• Exercise brief
Where a line of the following data contains the string "pixels", include it in the tally. Report the total alone.

• Data
######

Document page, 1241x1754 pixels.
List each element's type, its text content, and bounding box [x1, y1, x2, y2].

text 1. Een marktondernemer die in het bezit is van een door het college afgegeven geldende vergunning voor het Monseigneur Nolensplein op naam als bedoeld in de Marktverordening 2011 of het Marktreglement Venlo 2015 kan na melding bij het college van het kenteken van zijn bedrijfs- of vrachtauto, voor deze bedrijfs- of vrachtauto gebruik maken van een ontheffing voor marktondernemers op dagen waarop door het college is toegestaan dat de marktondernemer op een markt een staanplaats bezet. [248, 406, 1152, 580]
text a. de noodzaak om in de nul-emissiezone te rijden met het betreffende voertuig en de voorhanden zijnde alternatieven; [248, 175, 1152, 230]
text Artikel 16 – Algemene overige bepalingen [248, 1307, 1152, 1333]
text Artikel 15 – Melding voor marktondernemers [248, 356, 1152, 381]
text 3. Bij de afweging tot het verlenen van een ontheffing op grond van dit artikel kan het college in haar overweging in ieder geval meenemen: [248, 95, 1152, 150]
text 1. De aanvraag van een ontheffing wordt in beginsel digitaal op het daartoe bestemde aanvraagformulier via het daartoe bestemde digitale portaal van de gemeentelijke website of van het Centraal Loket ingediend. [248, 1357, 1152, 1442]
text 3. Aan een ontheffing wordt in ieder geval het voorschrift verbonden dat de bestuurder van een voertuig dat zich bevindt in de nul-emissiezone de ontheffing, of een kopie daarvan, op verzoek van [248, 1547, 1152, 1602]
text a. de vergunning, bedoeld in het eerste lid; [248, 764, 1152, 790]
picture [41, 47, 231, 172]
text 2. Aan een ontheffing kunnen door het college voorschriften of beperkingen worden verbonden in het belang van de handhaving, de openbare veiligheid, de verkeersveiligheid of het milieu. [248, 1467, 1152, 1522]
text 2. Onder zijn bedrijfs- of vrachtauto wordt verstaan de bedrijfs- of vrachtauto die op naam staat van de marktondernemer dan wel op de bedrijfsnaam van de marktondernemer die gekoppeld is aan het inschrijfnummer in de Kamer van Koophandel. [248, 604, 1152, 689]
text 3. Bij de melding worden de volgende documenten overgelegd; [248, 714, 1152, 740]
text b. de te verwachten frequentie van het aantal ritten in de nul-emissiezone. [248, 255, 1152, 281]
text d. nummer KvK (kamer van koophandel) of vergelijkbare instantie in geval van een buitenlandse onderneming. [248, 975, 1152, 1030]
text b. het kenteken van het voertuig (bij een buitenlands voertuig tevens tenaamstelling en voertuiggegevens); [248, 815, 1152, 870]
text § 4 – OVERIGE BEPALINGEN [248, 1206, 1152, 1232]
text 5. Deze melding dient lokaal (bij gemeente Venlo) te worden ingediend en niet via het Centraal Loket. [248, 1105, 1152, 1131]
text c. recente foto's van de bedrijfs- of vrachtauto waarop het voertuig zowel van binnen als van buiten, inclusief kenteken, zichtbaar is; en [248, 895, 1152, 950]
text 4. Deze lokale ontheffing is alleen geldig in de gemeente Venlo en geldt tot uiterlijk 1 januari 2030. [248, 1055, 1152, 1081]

######

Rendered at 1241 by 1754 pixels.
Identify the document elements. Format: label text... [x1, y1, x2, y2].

######

• Written response
2